---------- SOURCE RECORDS ----------

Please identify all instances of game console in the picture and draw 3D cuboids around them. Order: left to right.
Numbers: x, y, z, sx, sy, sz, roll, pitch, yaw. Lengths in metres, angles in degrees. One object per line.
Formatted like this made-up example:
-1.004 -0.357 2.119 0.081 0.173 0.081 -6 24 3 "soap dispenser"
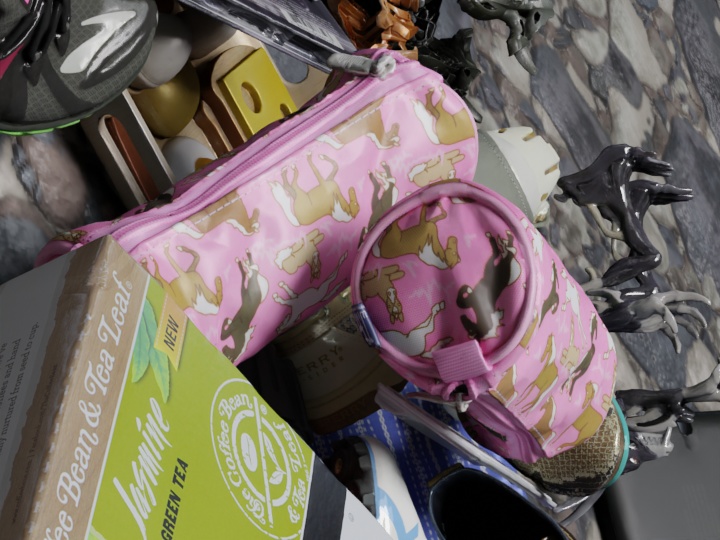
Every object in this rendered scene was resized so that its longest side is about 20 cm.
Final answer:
0.198 0.192 1.570 0.175 0.116 0.201 -2 67 -29 "game console"

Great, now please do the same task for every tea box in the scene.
-0.095 0.137 0.952 0.197 0.133 0.201 48 32 -31 "tea box"

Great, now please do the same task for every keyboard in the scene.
0.051 0.082 1.259 0.056 0.011 0.200 29 -3 17 "keyboard"

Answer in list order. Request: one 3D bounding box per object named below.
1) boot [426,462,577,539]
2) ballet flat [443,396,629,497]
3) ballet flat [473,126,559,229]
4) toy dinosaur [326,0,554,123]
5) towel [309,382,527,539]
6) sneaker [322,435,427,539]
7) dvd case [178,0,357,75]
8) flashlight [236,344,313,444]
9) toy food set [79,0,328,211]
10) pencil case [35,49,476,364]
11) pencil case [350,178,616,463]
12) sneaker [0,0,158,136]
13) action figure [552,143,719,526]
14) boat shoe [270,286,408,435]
0.088 0.166 1.175 0.097 0.075 0.200 46 5 -43 "boot"
0.065 0.046 1.351 0.075 0.068 0.200 17 21 -23 "ballet flat"
0.071 -0.048 1.401 0.068 0.063 0.200 59 1 4 "ballet flat"
0.022 -0.145 1.470 0.135 0.102 0.201 25 64 -32 "toy dinosaur"
0.034 0.116 1.325 0.200 0.024 0.146 1 67 -61 "towel"
0.026 0.168 1.199 0.072 0.072 0.201 -12 86 -28 "sneaker"
-0.090 -0.169 1.235 0.148 0.016 0.200 23 26 -46 "dvd case"
-0.030 0.132 1.157 0.068 0.068 0.201 -1 59 -21 "flashlight"
-0.064 -0.082 1.264 0.144 0.060 0.200 61 28 -10 "toy food set"
-0.041 -0.018 1.138 0.200 0.083 0.087 -36 103 -34 "pencil case"
0.057 0.026 1.169 0.083 0.087 0.200 39 0 19 "pencil case"
-0.145 -0.099 1.081 0.199 0.084 0.077 -5 75 -51 "sneaker"
0.145 0.038 1.468 0.119 0.101 0.201 57 37 -66 "action figure"
0.000 0.000 1.290 0.063 0.073 0.200 54 20 -18 "boat shoe"
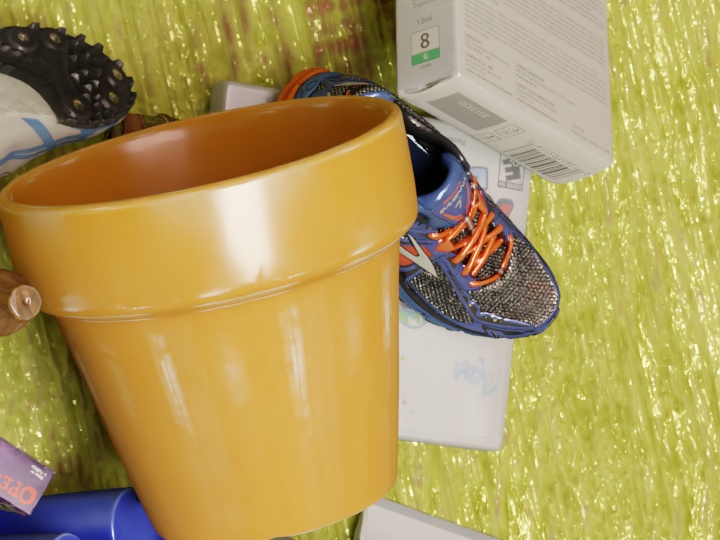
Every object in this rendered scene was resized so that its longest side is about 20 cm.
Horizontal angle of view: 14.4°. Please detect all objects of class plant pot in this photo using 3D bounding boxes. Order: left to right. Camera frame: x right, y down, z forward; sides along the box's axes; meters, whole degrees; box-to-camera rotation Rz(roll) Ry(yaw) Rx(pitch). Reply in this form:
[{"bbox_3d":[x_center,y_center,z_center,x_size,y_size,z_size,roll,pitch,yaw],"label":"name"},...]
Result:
[{"bbox_3d":[-0.059,0.028,1.392,0.200,0.200,0.184,-19,104,-27],"label":"plant pot"}]

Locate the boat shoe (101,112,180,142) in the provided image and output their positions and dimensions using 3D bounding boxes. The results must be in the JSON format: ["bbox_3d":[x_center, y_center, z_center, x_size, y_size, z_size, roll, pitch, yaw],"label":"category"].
[{"bbox_3d":[-0.116,0.016,1.503,0.068,0.072,0.200,9,75,-23],"label":"boat shoe"}]

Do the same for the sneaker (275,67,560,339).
[{"bbox_3d":[0.037,-0.031,1.547,0.200,0.078,0.075,41,72,-20],"label":"sneaker"}]

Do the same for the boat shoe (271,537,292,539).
[{"bbox_3d":[-0.019,0.197,1.476,0.200,0.072,0.068,27,51,-33],"label":"boat shoe"}]

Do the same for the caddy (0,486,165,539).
[{"bbox_3d":[-0.150,0.204,1.449,0.141,0.105,0.200,-33,106,-60],"label":"caddy"}]

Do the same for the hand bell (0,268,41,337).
[{"bbox_3d":[-0.200,0.018,1.379,0.104,0.200,0.104,0,90,-28],"label":"hand bell"}]

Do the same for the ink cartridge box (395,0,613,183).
[{"bbox_3d":[0.080,-0.167,1.595,0.161,0.050,0.200,25,56,-49],"label":"ink cartridge box"}]

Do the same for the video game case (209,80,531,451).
[{"bbox_3d":[0.000,0.000,1.584,0.200,0.024,0.182,9,85,-28],"label":"video game case"}]

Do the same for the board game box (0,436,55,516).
[{"bbox_3d":[-0.233,0.071,1.361,0.120,0.200,0.032,39,73,-21],"label":"board game box"}]

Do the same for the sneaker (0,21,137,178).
[{"bbox_3d":[-0.200,-0.071,1.445,0.200,0.072,0.072,-23,75,-41],"label":"sneaker"}]

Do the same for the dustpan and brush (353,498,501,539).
[{"bbox_3d":[0.042,0.239,1.580,0.139,0.057,0.200,21,79,-26],"label":"dustpan and brush"}]
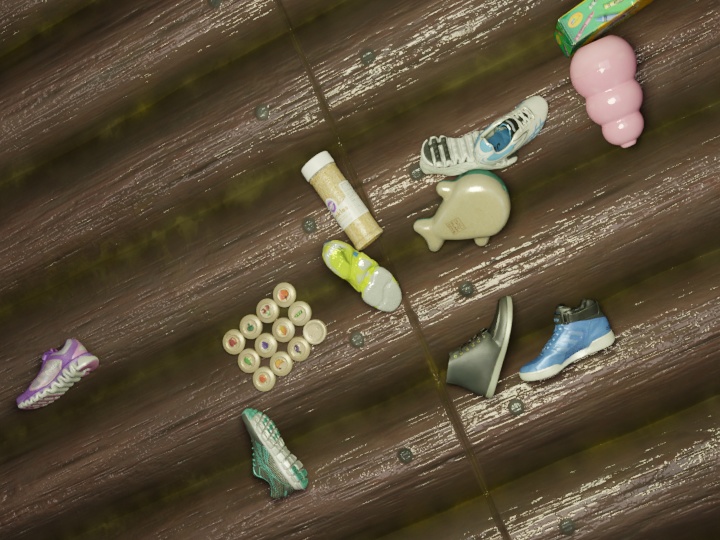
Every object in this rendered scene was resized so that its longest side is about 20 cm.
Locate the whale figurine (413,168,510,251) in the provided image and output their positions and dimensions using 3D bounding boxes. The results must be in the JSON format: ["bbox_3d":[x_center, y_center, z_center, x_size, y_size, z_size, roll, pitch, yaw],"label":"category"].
[{"bbox_3d":[0.200,-0.118,1.648,0.198,0.105,0.159,-31,112,31],"label":"whale figurine"}]

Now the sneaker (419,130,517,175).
[{"bbox_3d":[0.208,-0.223,1.650,0.195,0.081,0.077,-2,70,-9],"label":"sneaker"}]

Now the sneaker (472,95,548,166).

----------

• _ACTION ITEM_: Could you retype every record above exactly, leaving the pictures out?

• _TASK OUTPUT_:
Please identify all instances of game console in the picture and draw 3D cuboids around them. Order: left to right.
Numbers: x, y, z, sx, sy, sz, roll, pitch, yaw. Lengths in metres, angles in degrees. One object per line.
Formatted like this made-up example:
-1.004 -0.357 2.119 0.081 0.173 0.081 -6 24 3 "soap dispenser"
Every object in this rendered scene was resized so that its longest side is about 20 cm.
Final answer:
0.198 0.192 1.570 0.175 0.116 0.201 -2 67 -29 "game console"

Great, now please do the same task for every tea box in the scene.
-0.095 0.137 0.952 0.197 0.133 0.201 48 32 -31 "tea box"

Great, now please do the same task for every keyboard in the scene.
0.051 0.082 1.259 0.056 0.011 0.200 29 -3 17 "keyboard"

Answer in list order. Request: one 3D bounding box per object named below.
1) boot [426,462,577,539]
2) ballet flat [443,396,629,497]
3) ballet flat [473,126,559,229]
4) toy dinosaur [326,0,554,123]
5) towel [309,382,527,539]
6) sneaker [322,435,427,539]
7) dvd case [178,0,357,75]
8) flashlight [236,344,313,444]
9) toy food set [79,0,328,211]
10) pencil case [35,49,476,364]
11) pencil case [350,178,616,463]
12) sneaker [0,0,158,136]
13) action figure [552,143,719,526]
14) boat shoe [270,286,408,435]
0.088 0.166 1.175 0.097 0.075 0.200 46 5 -43 "boot"
0.065 0.046 1.351 0.075 0.068 0.200 17 21 -23 "ballet flat"
0.071 -0.048 1.401 0.068 0.063 0.200 59 1 4 "ballet flat"
0.022 -0.145 1.470 0.135 0.102 0.201 25 64 -32 "toy dinosaur"
0.034 0.116 1.325 0.200 0.024 0.146 1 67 -61 "towel"
0.026 0.168 1.199 0.072 0.072 0.201 -12 86 -28 "sneaker"
-0.090 -0.169 1.235 0.148 0.016 0.200 23 26 -46 "dvd case"
-0.030 0.132 1.157 0.068 0.068 0.201 -1 59 -21 "flashlight"
-0.064 -0.082 1.264 0.144 0.060 0.200 61 28 -10 "toy food set"
-0.041 -0.018 1.138 0.200 0.083 0.087 -36 103 -34 "pencil case"
0.057 0.026 1.169 0.083 0.087 0.200 39 0 19 "pencil case"
-0.145 -0.099 1.081 0.199 0.084 0.077 -5 75 -51 "sneaker"
0.145 0.038 1.468 0.119 0.101 0.201 57 37 -66 "action figure"
0.000 0.000 1.290 0.063 0.073 0.200 54 20 -18 "boat shoe"
Every object in this rendered scene was resized so that its longest side is about 20 cm.
Horizontal angle of view: 14.4°. Please detect all objects of class plant pot in this photo using 3D bounding boxes. Order: left to right. Camera frame: x right, y down, z forward; sides along the box's axes; meters, whole degrees; box-to-camera rotation Rz(roll) Ry(yaw) Rx(pitch). Reply in this form:
[{"bbox_3d":[x_center,y_center,z_center,x_size,y_size,z_size,roll,pitch,yaw],"label":"name"},...]
Result:
[{"bbox_3d":[-0.059,0.028,1.392,0.200,0.200,0.184,-19,104,-27],"label":"plant pot"}]

Locate the boat shoe (101,112,180,142) in the provided image and output their positions and dimensions using 3D bounding boxes. The results must be in the JSON format: ["bbox_3d":[x_center, y_center, z_center, x_size, y_size, z_size, roll, pitch, yaw],"label":"category"].
[{"bbox_3d":[-0.116,0.016,1.503,0.068,0.072,0.200,9,75,-23],"label":"boat shoe"}]

Do the same for the sneaker (275,67,560,339).
[{"bbox_3d":[0.037,-0.031,1.547,0.200,0.078,0.075,41,72,-20],"label":"sneaker"}]

Do the same for the boat shoe (271,537,292,539).
[{"bbox_3d":[-0.019,0.197,1.476,0.200,0.072,0.068,27,51,-33],"label":"boat shoe"}]

Do the same for the caddy (0,486,165,539).
[{"bbox_3d":[-0.150,0.204,1.449,0.141,0.105,0.200,-33,106,-60],"label":"caddy"}]

Do the same for the hand bell (0,268,41,337).
[{"bbox_3d":[-0.200,0.018,1.379,0.104,0.200,0.104,0,90,-28],"label":"hand bell"}]

Do the same for the ink cartridge box (395,0,613,183).
[{"bbox_3d":[0.080,-0.167,1.595,0.161,0.050,0.200,25,56,-49],"label":"ink cartridge box"}]

Do the same for the video game case (209,80,531,451).
[{"bbox_3d":[0.000,0.000,1.584,0.200,0.024,0.182,9,85,-28],"label":"video game case"}]

Do the same for the board game box (0,436,55,516).
[{"bbox_3d":[-0.233,0.071,1.361,0.120,0.200,0.032,39,73,-21],"label":"board game box"}]

Do the same for the sneaker (0,21,137,178).
[{"bbox_3d":[-0.200,-0.071,1.445,0.200,0.072,0.072,-23,75,-41],"label":"sneaker"}]

Do the same for the dustpan and brush (353,498,501,539).
[{"bbox_3d":[0.042,0.239,1.580,0.139,0.057,0.200,21,79,-26],"label":"dustpan and brush"}]
Every object in this rendered scene was resized so that its longest side is about 20 cm.
Locate the whale figurine (413,168,510,251) in the provided image and output their positions and dimensions using 3D bounding boxes. The results must be in the JSON format: ["bbox_3d":[x_center, y_center, z_center, x_size, y_size, z_size, roll, pitch, yaw],"label":"category"].
[{"bbox_3d":[0.200,-0.118,1.648,0.198,0.105,0.159,-31,112,31],"label":"whale figurine"}]

Now the sneaker (419,130,517,175).
[{"bbox_3d":[0.208,-0.223,1.650,0.195,0.081,0.077,-2,70,-9],"label":"sneaker"}]

Now the sneaker (472,95,548,166).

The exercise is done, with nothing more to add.